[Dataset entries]
►

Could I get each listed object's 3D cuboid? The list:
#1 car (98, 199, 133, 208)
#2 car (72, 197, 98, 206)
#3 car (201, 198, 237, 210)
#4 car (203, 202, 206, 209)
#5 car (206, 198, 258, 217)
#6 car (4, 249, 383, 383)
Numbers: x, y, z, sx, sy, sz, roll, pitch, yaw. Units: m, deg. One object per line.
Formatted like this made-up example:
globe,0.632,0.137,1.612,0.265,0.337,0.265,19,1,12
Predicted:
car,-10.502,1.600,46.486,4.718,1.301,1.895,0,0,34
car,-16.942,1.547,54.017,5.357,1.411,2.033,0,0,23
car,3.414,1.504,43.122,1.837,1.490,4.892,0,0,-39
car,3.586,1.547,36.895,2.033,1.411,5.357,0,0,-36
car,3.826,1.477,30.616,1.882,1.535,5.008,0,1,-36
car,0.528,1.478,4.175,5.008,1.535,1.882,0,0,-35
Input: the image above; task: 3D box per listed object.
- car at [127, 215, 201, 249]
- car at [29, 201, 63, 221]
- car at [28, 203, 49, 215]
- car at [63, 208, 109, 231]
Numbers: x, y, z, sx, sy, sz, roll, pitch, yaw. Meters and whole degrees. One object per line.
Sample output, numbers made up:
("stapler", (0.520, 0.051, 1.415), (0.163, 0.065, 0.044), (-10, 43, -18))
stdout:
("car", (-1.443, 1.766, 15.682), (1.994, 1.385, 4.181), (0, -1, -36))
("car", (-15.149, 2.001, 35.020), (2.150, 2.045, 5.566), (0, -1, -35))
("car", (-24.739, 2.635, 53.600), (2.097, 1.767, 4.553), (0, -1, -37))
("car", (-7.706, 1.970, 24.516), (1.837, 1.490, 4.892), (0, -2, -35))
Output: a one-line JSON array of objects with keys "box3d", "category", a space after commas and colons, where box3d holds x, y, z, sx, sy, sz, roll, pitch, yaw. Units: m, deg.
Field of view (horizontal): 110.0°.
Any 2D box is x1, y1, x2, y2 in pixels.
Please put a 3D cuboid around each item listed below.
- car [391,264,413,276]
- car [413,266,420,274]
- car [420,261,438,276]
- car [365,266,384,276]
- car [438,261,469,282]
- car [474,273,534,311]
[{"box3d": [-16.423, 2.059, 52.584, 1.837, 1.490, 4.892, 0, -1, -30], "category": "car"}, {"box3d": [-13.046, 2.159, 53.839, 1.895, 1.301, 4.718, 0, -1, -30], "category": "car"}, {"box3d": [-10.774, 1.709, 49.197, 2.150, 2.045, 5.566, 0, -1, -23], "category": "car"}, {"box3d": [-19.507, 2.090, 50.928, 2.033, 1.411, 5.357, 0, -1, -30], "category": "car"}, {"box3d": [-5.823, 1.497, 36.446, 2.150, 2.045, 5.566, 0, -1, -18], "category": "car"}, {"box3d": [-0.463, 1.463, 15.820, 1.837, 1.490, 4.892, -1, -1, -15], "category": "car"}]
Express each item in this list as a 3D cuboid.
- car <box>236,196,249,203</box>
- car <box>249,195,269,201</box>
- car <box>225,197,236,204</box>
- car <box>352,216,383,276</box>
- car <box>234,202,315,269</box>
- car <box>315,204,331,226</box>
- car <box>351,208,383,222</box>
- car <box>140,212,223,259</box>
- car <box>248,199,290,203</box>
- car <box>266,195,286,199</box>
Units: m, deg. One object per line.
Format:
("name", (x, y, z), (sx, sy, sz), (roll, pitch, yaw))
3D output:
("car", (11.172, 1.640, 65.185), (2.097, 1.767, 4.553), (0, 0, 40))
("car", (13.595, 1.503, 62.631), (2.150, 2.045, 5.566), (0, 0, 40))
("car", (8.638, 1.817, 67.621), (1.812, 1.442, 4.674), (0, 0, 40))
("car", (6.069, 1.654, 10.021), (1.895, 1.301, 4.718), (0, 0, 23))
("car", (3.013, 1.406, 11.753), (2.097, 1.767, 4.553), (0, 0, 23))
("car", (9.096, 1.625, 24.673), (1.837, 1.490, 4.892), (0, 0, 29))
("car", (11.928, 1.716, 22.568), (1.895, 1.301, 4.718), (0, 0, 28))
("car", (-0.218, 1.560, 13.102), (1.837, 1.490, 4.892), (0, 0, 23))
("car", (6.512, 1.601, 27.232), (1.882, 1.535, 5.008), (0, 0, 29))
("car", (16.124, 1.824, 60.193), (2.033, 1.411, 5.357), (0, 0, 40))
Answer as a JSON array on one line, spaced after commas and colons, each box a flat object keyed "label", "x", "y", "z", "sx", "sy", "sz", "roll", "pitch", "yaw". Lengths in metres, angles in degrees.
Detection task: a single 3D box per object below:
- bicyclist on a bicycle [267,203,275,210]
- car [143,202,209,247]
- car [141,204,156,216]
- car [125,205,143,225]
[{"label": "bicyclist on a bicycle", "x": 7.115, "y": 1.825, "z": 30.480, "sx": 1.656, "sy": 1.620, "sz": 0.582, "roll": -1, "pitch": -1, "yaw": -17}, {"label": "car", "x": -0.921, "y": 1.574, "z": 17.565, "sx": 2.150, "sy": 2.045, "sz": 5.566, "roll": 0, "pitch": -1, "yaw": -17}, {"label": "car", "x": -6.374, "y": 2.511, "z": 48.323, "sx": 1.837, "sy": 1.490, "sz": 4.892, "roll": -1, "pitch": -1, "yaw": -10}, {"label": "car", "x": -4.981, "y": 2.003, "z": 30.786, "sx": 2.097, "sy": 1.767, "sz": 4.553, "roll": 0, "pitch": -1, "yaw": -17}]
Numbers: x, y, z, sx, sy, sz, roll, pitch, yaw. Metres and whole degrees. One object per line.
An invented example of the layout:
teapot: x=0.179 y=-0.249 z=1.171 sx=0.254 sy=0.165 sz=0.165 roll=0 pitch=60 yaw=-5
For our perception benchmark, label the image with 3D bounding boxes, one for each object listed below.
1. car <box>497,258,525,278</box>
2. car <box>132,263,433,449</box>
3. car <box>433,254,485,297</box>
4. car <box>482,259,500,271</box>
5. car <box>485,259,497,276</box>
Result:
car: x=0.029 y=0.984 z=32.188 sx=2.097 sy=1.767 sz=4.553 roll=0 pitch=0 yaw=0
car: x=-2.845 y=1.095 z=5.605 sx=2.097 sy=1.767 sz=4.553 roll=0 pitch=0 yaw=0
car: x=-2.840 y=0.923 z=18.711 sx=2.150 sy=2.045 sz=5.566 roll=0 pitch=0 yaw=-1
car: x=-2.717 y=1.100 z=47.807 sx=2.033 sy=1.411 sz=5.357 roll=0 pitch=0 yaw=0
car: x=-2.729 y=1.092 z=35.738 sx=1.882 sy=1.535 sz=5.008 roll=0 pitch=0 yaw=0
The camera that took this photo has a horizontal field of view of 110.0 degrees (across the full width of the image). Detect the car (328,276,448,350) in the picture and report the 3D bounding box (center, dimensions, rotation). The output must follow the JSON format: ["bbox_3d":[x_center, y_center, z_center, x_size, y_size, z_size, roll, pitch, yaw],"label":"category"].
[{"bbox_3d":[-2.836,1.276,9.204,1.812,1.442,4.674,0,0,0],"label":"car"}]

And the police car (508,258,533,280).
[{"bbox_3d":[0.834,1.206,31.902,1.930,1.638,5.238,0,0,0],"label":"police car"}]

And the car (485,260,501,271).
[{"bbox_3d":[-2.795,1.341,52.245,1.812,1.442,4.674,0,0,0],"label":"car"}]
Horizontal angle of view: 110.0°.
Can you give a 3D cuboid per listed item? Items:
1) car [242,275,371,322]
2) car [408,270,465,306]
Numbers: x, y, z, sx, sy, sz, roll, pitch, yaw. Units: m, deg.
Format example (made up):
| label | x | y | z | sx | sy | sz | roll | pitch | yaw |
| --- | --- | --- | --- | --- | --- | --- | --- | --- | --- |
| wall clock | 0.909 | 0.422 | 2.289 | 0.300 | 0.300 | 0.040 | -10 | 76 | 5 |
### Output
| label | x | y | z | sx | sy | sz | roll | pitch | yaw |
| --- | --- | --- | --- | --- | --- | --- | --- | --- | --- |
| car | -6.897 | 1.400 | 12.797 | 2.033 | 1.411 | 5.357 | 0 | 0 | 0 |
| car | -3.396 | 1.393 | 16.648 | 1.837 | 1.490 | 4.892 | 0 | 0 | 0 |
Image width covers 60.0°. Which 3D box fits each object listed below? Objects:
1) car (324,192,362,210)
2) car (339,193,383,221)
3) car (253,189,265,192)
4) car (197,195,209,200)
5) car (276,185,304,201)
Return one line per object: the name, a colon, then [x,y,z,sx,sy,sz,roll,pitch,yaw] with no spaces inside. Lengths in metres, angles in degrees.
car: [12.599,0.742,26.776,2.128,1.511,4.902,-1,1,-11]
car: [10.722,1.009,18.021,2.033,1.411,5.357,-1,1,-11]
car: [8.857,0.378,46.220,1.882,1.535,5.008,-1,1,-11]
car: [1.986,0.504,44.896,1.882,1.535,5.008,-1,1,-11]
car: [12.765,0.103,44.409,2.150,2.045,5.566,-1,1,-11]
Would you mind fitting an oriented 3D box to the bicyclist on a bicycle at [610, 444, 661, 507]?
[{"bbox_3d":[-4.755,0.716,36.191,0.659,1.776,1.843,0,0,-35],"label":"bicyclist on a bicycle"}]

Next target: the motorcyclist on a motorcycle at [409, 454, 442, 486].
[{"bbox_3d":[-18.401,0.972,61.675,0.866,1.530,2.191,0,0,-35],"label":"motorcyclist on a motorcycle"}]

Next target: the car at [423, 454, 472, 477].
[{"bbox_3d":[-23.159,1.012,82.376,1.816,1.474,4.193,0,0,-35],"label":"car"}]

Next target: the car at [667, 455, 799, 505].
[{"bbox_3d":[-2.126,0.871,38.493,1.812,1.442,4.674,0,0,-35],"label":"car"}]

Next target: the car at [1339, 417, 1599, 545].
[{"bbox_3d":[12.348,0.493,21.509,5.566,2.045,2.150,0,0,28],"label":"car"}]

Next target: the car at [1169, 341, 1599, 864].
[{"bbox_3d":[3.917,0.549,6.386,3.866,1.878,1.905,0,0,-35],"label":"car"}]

◄

* **What is required**: Filter the records, keeping only lines that contain "below", and show those lines.

* **Finished exercise**:
Please put a 3D cuboid around each item listed below.
Detection task: a single 3D box per object below:
For our perception benchmark, label the image with 3D bounding boxes, one for each object listed below.
Image width covers 60.0°. Which 3D box fits each object listed below? Objects:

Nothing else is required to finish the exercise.